Is Shame Necessary?

Is Shame Necessary?
Author: Jennifer Jacquet
Publisher: Vintage
Total Pages: 226
Release: 2016-01-12
Genre: Science
ISBN: 0307950131

An urgent, illuminating exploration of the social nature of shame and of how it might be used to promote large-scale political change and social reform. “[Jacquet] exposes the ways shame plays into collective ideas of punishment and reward, and the social mechanisms that dictate the ways we dictate our behavior.” —The Boston Globe Examining how we can retrofit the art of shaming for the age of social media, Jennifer Jacquet shows that we can challenge corporations and even governments to change policies and behaviors that are detrimental to the environment.
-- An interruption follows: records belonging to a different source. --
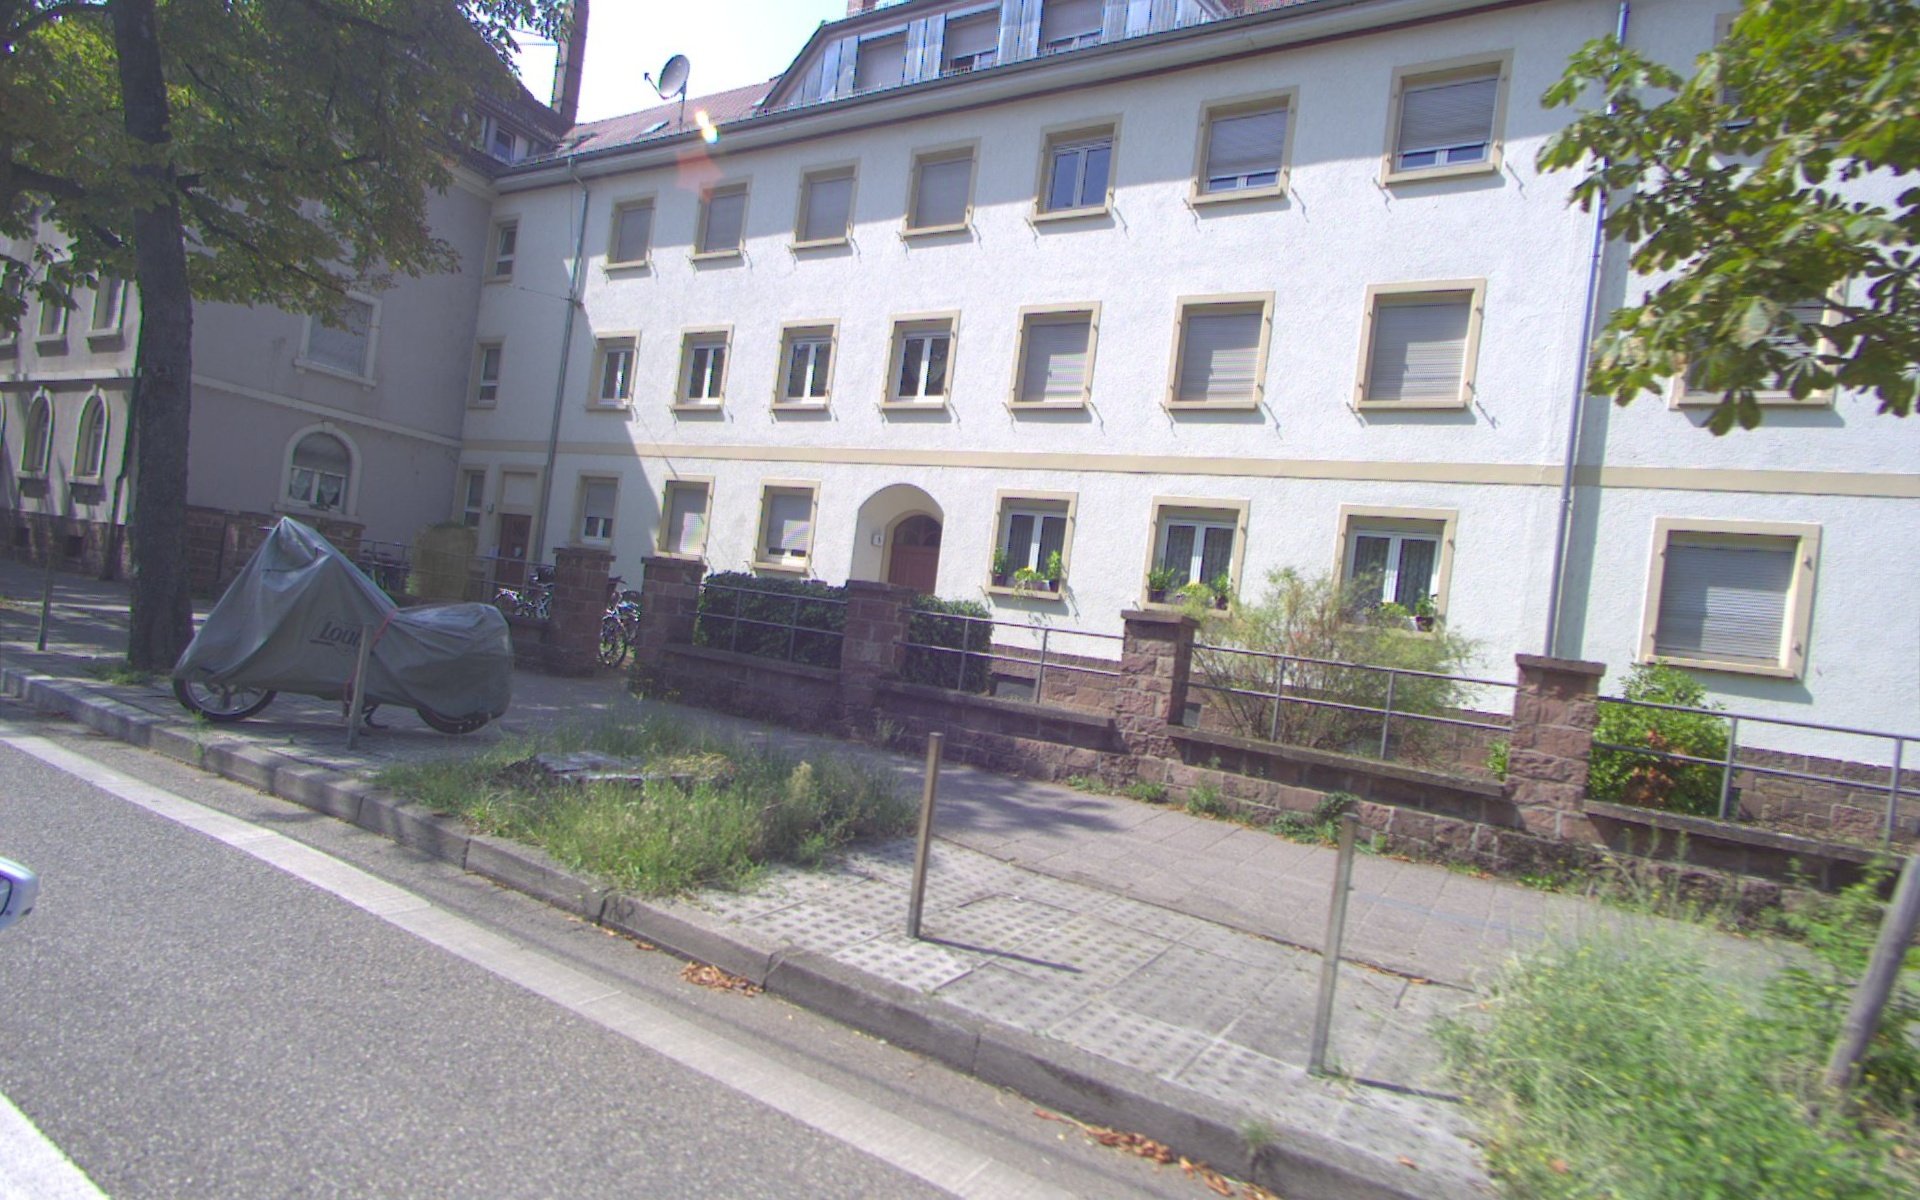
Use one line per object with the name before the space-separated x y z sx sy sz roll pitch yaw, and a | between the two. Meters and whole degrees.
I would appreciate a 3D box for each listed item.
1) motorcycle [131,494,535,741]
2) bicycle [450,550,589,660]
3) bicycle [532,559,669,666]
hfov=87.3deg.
motorcycle | -4.565 0.167 7.588 2.311 1.559 0.965 5 0 -18
bicycle | -6.547 0.048 14.892 2.331 1.374 0.594 6 -1 34
bicycle | -5.552 0.169 15.458 2.331 1.374 0.594 6 -1 34

Urgent and illuminating, Is Shame Necessary? offers an entirely new understanding of how shame, when applied in the right way and at the right time, has the capacity to keep us from failing our planet and, ultimately, from failing ourselves.

On the Western Circuit

On the Western Circuit
Author: Thomas Hardy
Publisher: Good Press
Total Pages: 33
Release: 2020-12-08
Genre: Art
ISBN:

On the Western Circuit is a novella by Thomas Hardy. Edith is a rural girl who falls in love with an older man, in this romance where the mistakes of love life are tragically explored and bared naked.

The Ballad of Laurel Springs

The Ballad of Laurel Springs
Author: Janet Beard
Publisher: Simon and Schuster
Total Pages: 288
Release: 2023-07-25
Genre: Fiction
ISBN: 1982151579

"A provocative new novel by the nationally bestelling author of THE ATOMIC CITY GIRLS, about nine generations of one family in Eastern Tennessee whose women, in eerie echoes of the notorious Appalachian murder ballads made famous by singers, over more than a century, have been traumatized by acts of violence"--

Tess of the D'Urbervilles by Thomas Hardy

Tess of the D'Urbervilles by Thomas Hardy
Author: James Gibson
Publisher:
Total Pages: 104
Release: 1986
Genre: Literary Criticism
ISBN:

Life and background - Writing, publication and initial critical reception of Tess - Summaries and critical commentary - What the novel is about.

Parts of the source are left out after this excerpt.